Linda Zhang led the team that made Ford's first electric truck.
The F-150 Lightning has had 200,000 orders and helped create a new generation of truckers.
Zhang said beating 'range anxiety' and demonstrating the truck's towing strength were crucial.
Ford's F-150 has been the best-selling truck in the US for 45 consecutive years, and the most popular vehicle overall for no less than four decades.
While getting drivers of passenger cars to go electric has been reasonably simple, convincing buyers that an electric truck can match their gas-powered equivalents in range, payload, towing capacity, durability, and reliability is much more of a challenge, the AAA's Greg Brannon told Insider.
The woman rising to that challenge for Ford is Linda Zhang, the chief engineer of Ford's electric version of the F-150 called the Lightning.
There have been 200,000 orders for the truck, and the level of interest prompted Ford to almost double production to 150,000 a year, but buyers still face a three-year wait to get behind the wheel. It's also been a hit with critics.
Hearts and minds
So how have Zhang and her team been able to convince truck-loving Americans to go electric?
With a background in engineering, finance, manufacturing, and strategy at Ford, Zhang worked on the Ford Explorer and Escape SUVs before getting the call that Ford wanted her to push forward with an electric version of the hugely popular F-150.
But Zhang, who joined Ford 26 years ago on the company's graduate program, told Insider simply replacing the gas-powered model with an electric version wouldn't work.

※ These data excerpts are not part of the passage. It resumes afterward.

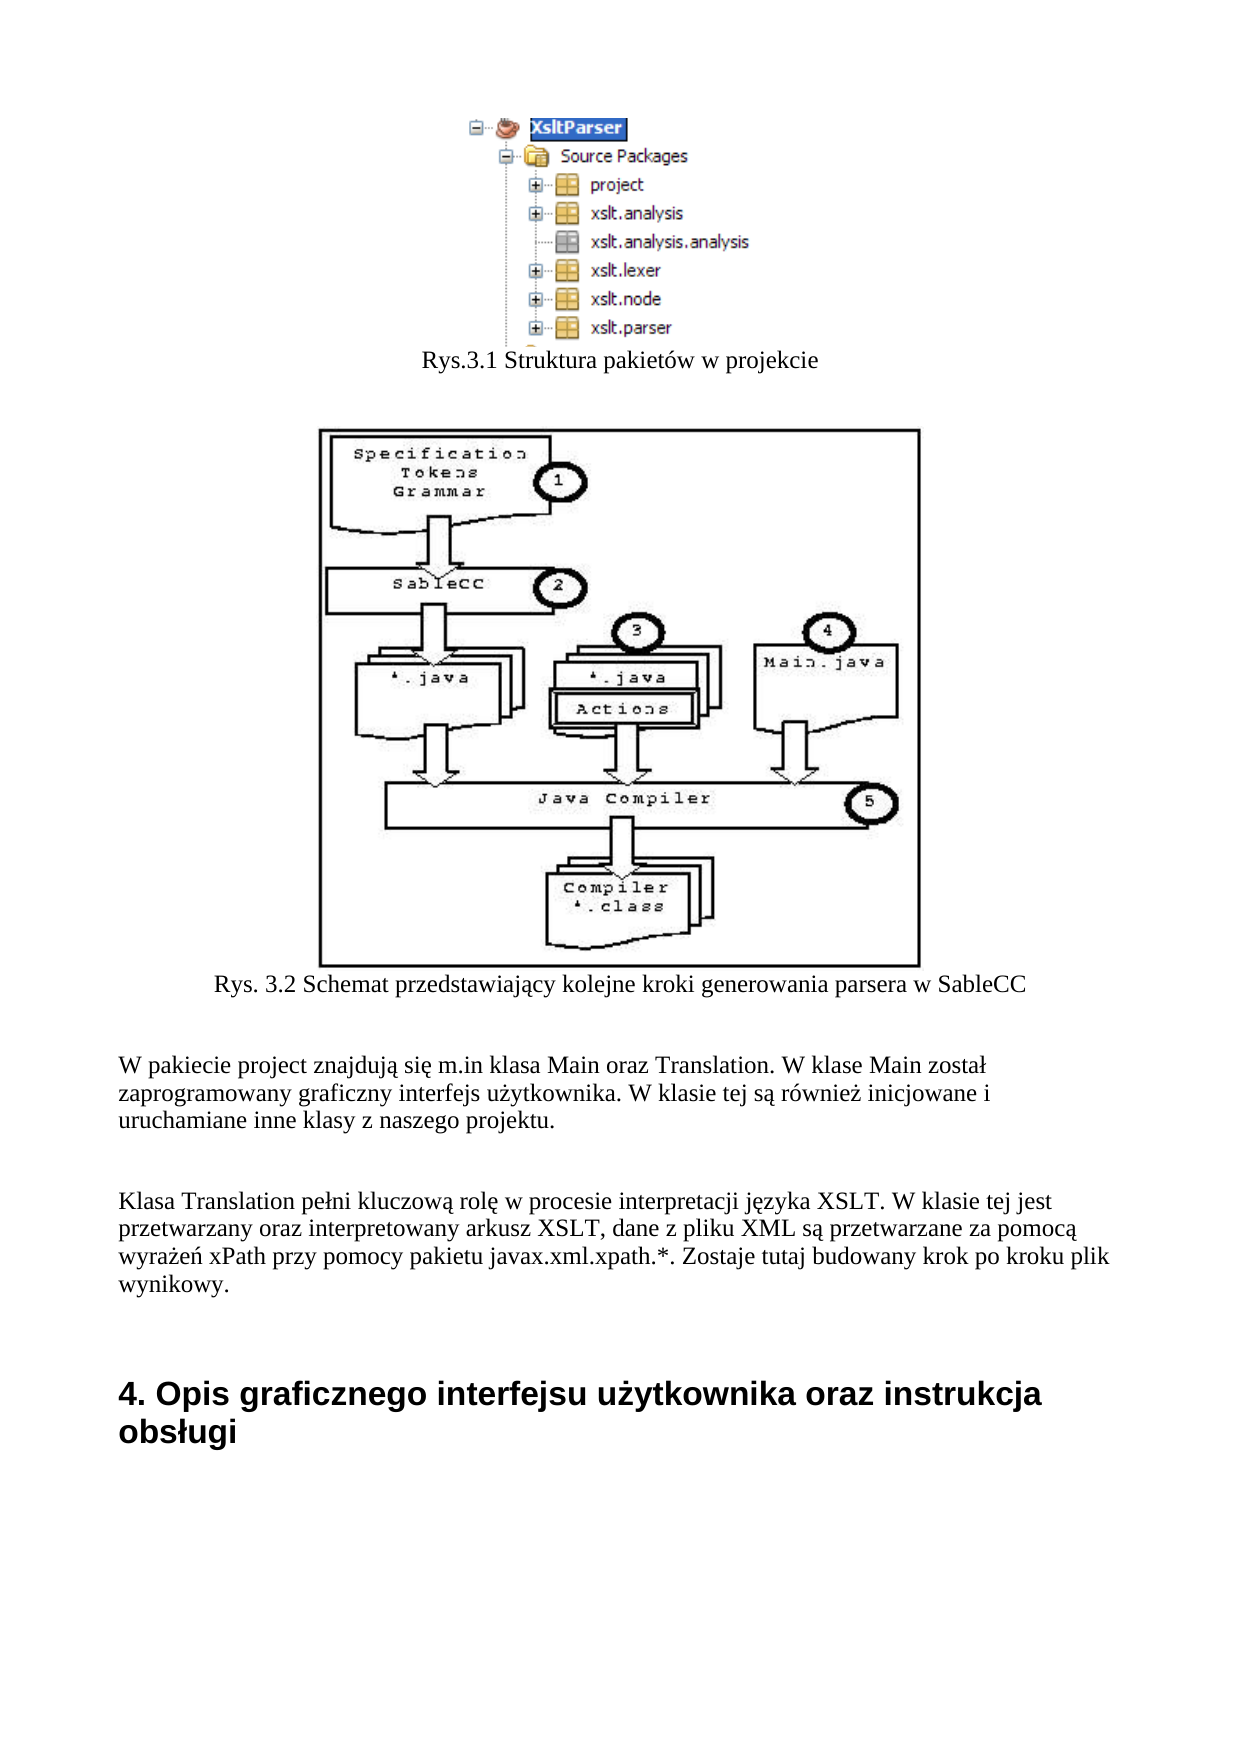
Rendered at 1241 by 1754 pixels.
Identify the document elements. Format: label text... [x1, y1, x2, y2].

picture [316, 426, 924, 971]
subtitle 4. Opis graficznego interfejsu użytkownika oraz instrukcja obsługi [118, 1375, 1122, 1450]
text Rys.3.1 Struktura pakietów w projekcie [118, 118, 1122, 374]
text Klasa Translation pełni kluczową rolę w procesie interpretacji języka XSLT. W klasie tej jest przetwarzany oraz interpretowany arkusz XSLT, dane z pliku XML są przetwarzane za pomocą wyrażeń xPath przy pomocy pakietu javax.xml.xpath.*. Zostaje tutaj budowany krok po kroku plik wynikowy. [118, 1187, 1122, 1298]
text W pakiecie project znajdują się m.in klasa Main oraz Translation. W klase Main został zaprogramowany graficzny interfejs użytkownika. W klasie tej są również inicjowane i uruchamiane inne klasy z naszego projektu. [118, 1051, 1122, 1134]
text Rys. 3.2 Schemat przedstawiający kolejne kroki generowania parsera w SableCC [118, 971, 1122, 998]
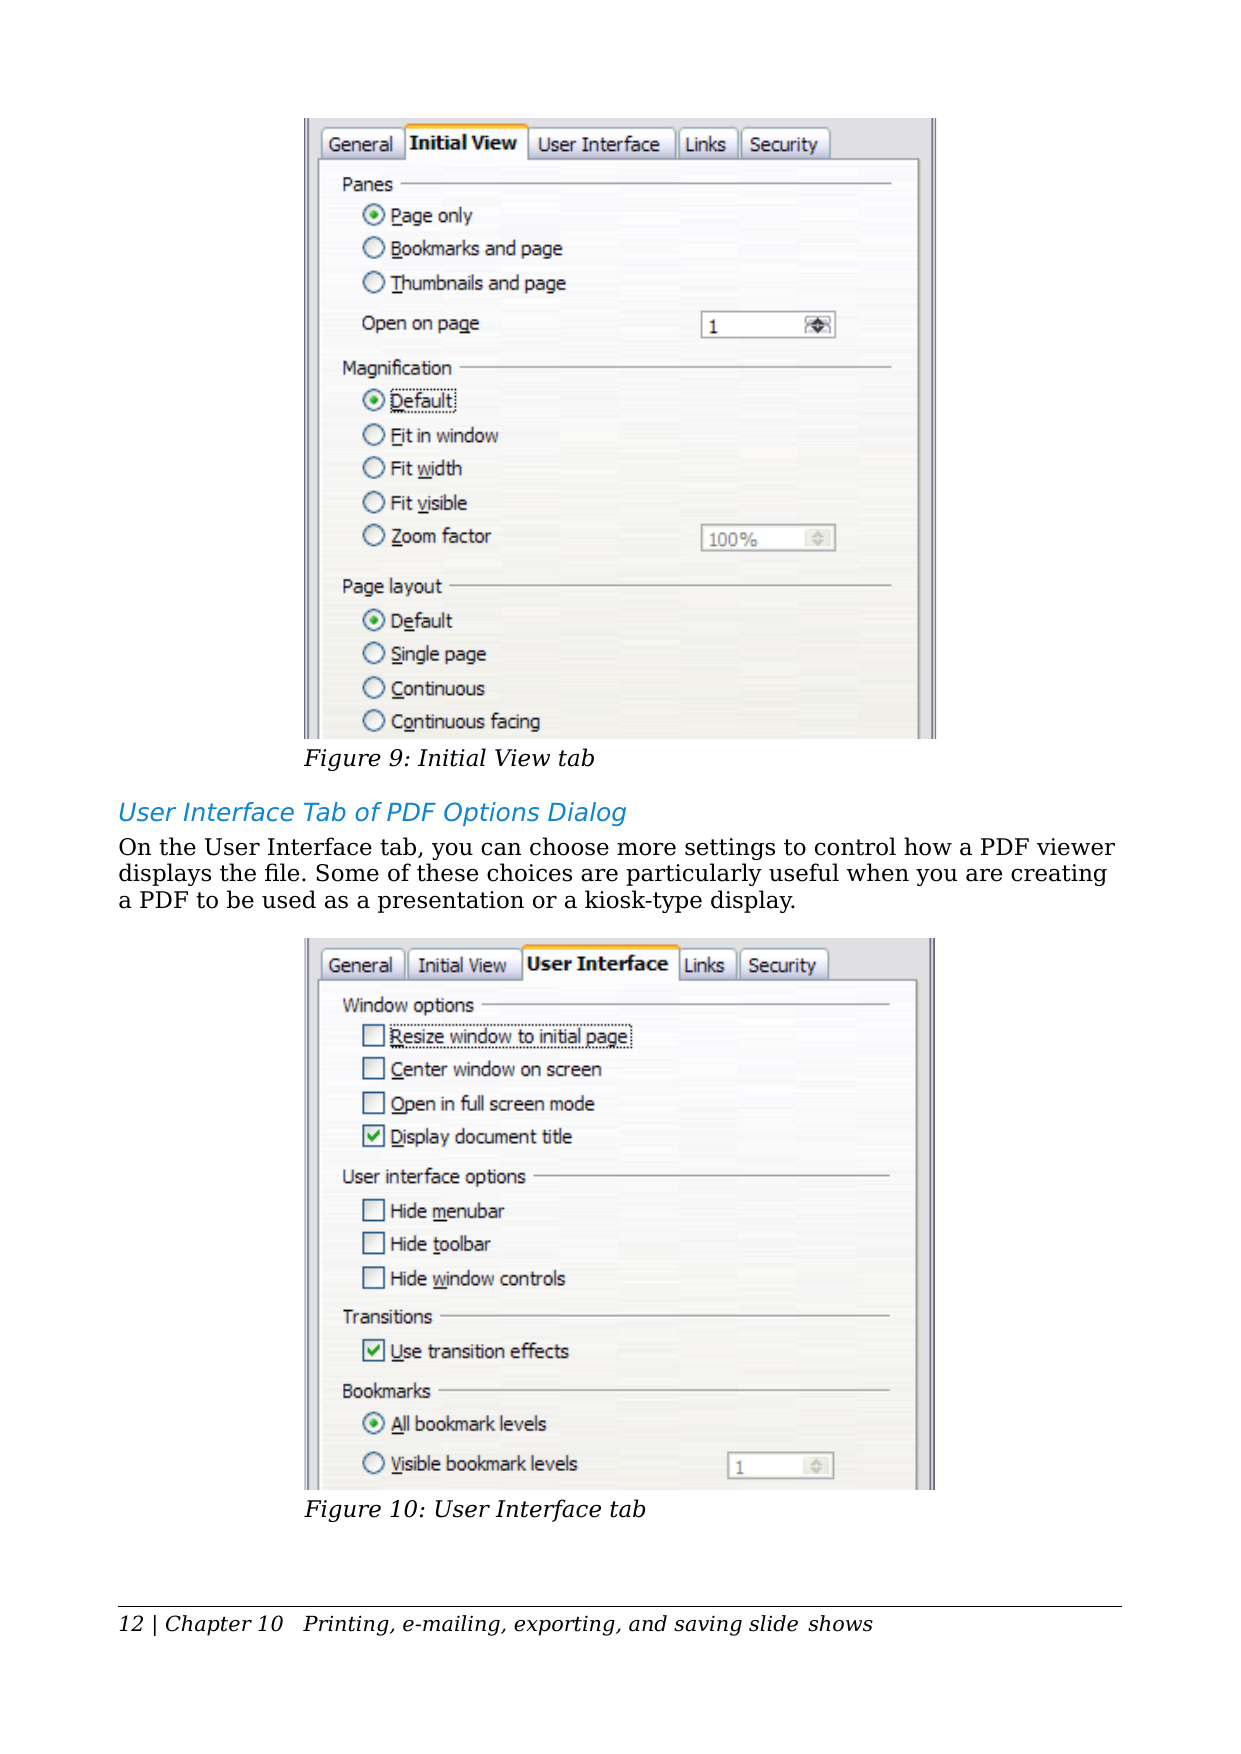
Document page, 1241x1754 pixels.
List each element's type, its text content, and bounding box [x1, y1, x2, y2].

"You have to change hearts and minds. Minds are something you can do with dollars - EVs are cheaper to operate. But what do we do with a vehicle to change hearts?"
Before getting to that point, Zhang first had to persuade Ford employees, many of whom she said were skeptical about the very idea of a plug-in F-150.
"We had several people on the team that would say "I'll work on this project but I'm never going to be one of your customers'," she said.
The first obstacle was overcoming the biggest barrier to EV adoption: range anxiety.
In focus groups, Zhang said most customers realised they typically needed less than 200 miles for one trip. The cheapest version of the Lightning model, the Pro SR, has a range of 230 miles, rising to 320 miles for more expensive versions.
Zhang, who owns a Lightning, recalled how she was able to drive her 18-year-old daughter on a 300-mile trip to her first semester of college with a brief stop to recharge on the way.
Towing was the other major barrier, as many potential customers feared the electric version would not have the same power as the petrol-fueled equivalent. Early customer reviews though, appear to have dismissed those concerns.
Its dual use as a back-up generator was a further bonus for buyers, Zhang said.
Those sceptical Ford employees were soon adding their names to waiting lists, including an engineer she said saved a wedding after a power outage by plugging in a Lightning.
New generation of eco-truckers
Ford has beaten competitors like Tesla's Cybertruck to market, and with a starting price of $39,000 the Lightning is the cheapest electric truck available in the US – nearly half the price of the Rivian R1T.
As well as slowly convincing drivers to go electric, Zhang said the plug-in F-150 is winning over a new generation of more environmentally conscious, and diverse, drivers.
"I would say at this point the customer profile is dramatically younger. It's in states like California and New York that we normally don't sell full-size trucks," Ford CEO James Farley said on an earnings call in April.
Its popularity will come as a relief to Ford following its $1 billion investment in the truck and hiring thousands of employees to get the vehicle into production.
"The significance of the F-150 Lightning in modern automotive manufacturing cannot be overstated," said the AAA's Brannon.
"The F-150 has consistently been one of the most popular vehicles in the U.S for many years – the electrification of this model represents a major step in the mass production and adoption of electric vehicles."
He added: "These buyers will vocalize their experiences whether they are positive or negative, which will have a significant impact on convincing others whether or not to consider an electric vehicle for their next vehicle purchase."